BACKGROUND: Previous studies on intake of linoleic acid (LA), the predominant n-6 fatty acid, and coronary heart disease (CHD) risk have generated inconsistent results. We performed a systematic review and meta-analysis of prospective cohort studies to summarize the evidence regarding the relation of dietary LA intake and CHD risk. METHODS AND RESULTS: We searched MEDLINE and EMBASE databases through June 2013 for prospective cohort studies that reported the association between dietary LA and CHD events. In addition, we used unpublished data from cohort studies in a previous pooling project. We pooled the multivariate-adjusted relative risk (RR) to compare the highest with the lowest categories of LA intake using fixed-effect meta-analysis. We identified 13 published and unpublished cohort studies with a total of 310 602 individuals and 12 479 total CHD events, including 5882 CHD deaths. When the highest category was compared with the lowest category, dietary LA was associated with a 15% lower risk of CHD events (pooled RR, 0.85; 95% confidence intervals, 0.78-0.92; I(2)=35.5%) and a 21% lower risk of CHD deaths (pooled RR, 0.79; 95% confidence intervals, 0.71-0.89; I(2)=0.0%).

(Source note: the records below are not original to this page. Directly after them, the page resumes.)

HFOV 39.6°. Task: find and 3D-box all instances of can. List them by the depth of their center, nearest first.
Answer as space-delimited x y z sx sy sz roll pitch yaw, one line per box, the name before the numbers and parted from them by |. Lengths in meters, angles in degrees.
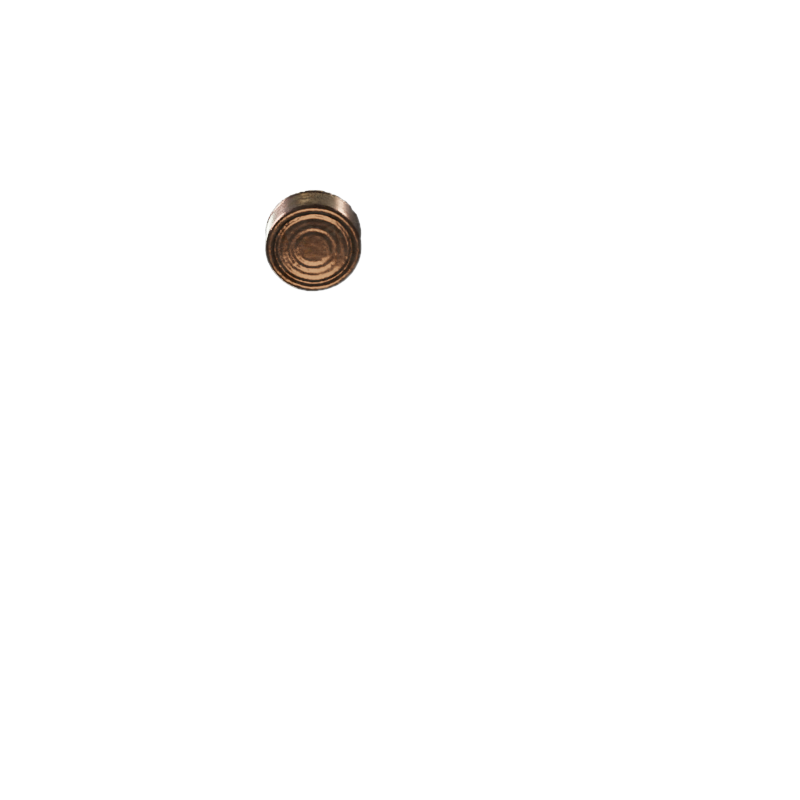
can | -0.077 -0.140 0.978 0.086 0.081 0.036 1 29 -1
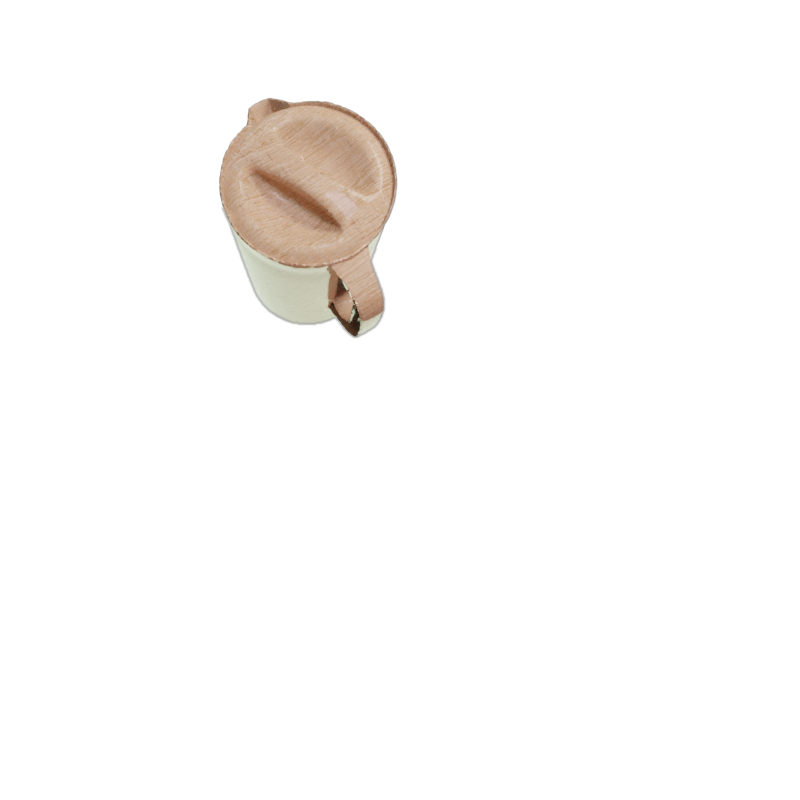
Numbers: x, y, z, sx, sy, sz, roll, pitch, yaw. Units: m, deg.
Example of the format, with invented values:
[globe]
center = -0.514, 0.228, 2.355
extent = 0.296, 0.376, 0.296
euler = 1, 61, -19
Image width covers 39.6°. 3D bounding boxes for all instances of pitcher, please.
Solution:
[pitcher]
center = -0.073, -0.133, 0.930
extent = 0.146, 0.154, 0.235
euler = 15, -13, 0
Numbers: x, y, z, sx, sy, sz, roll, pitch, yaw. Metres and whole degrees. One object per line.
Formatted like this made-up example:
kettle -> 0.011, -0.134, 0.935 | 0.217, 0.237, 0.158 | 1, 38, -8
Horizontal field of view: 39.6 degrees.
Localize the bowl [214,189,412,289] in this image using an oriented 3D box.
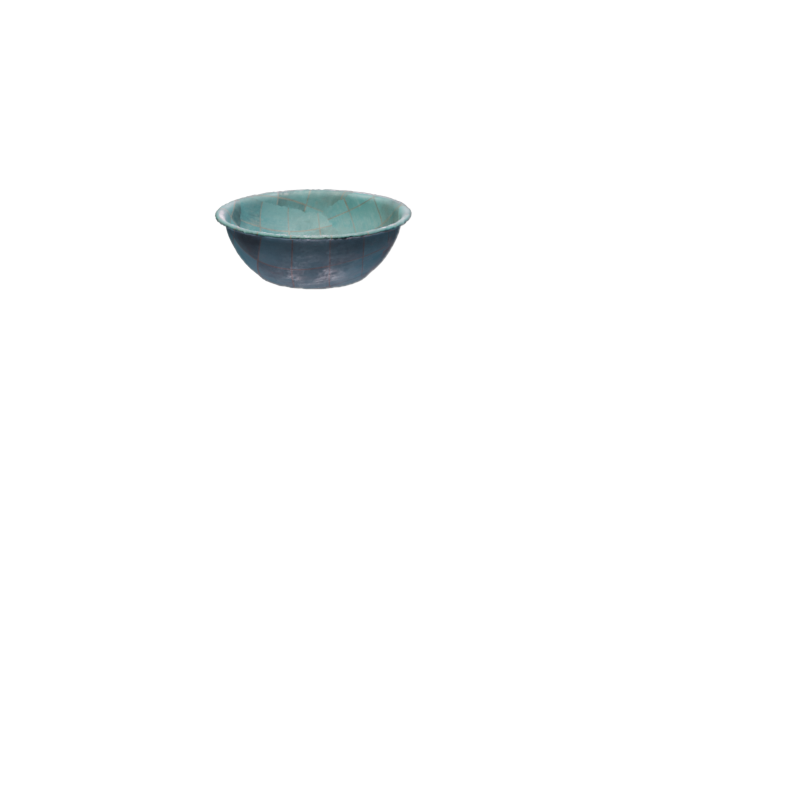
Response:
bowl -> -0.072, -0.131, 0.920 | 0.162, 0.053, 0.170 | -1, 22, -2
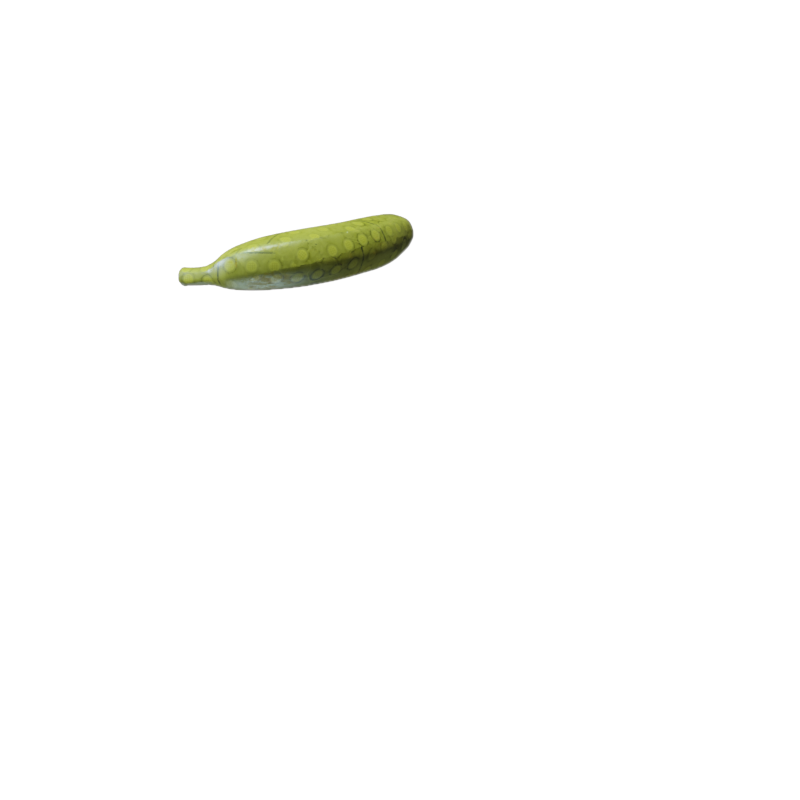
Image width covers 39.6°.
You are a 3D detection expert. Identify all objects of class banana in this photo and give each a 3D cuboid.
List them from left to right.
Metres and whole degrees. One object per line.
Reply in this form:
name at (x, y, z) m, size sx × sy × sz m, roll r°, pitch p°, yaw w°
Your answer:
banana at (-0.051, -0.105, 0.759) m, size 0.193 × 0.035 × 0.074 m, roll -16°, pitch 25°, yaw -37°
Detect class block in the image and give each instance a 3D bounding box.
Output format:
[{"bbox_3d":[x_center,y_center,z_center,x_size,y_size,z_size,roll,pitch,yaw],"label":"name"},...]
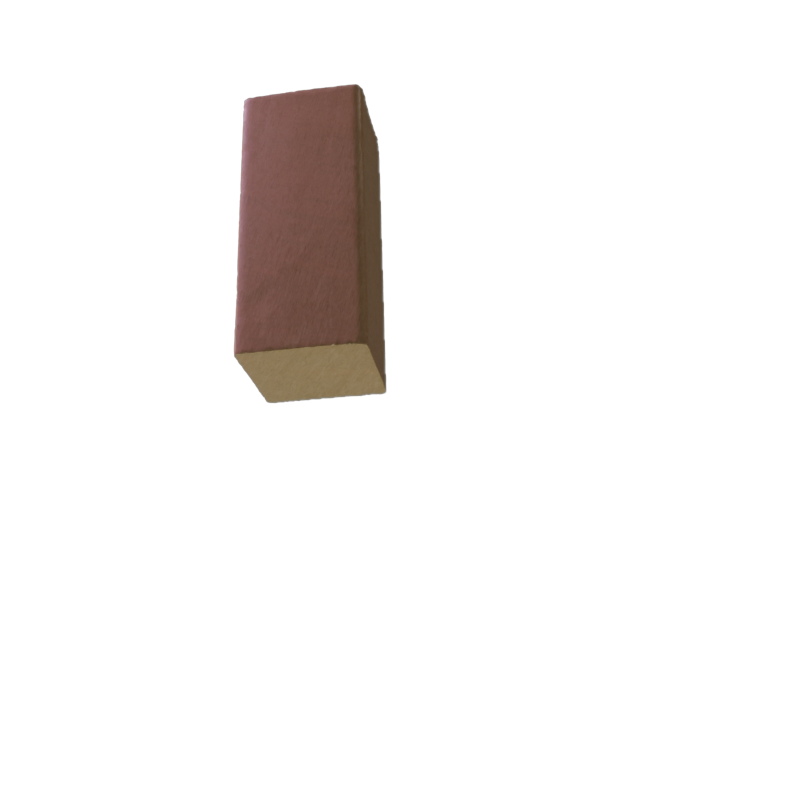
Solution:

A 5% of energy increment in LA intake replacing energy from saturated fat intake was associated with a 9% lower risk of CHD events (RR, 0.91; 95% confidence intervals, 0.87-0.96) and a 13% lower risk of CHD deaths (RR, 0.87; 95% confidence intervals, 0.82-0.94). CONCLUSIONS: In prospective observational studies, dietary LA intake is inversely associated with CHD risk in a dose-response manner. These data provide support for current recommendations to replace saturated fat with polyunsaturated fat for primary prevention of CHD.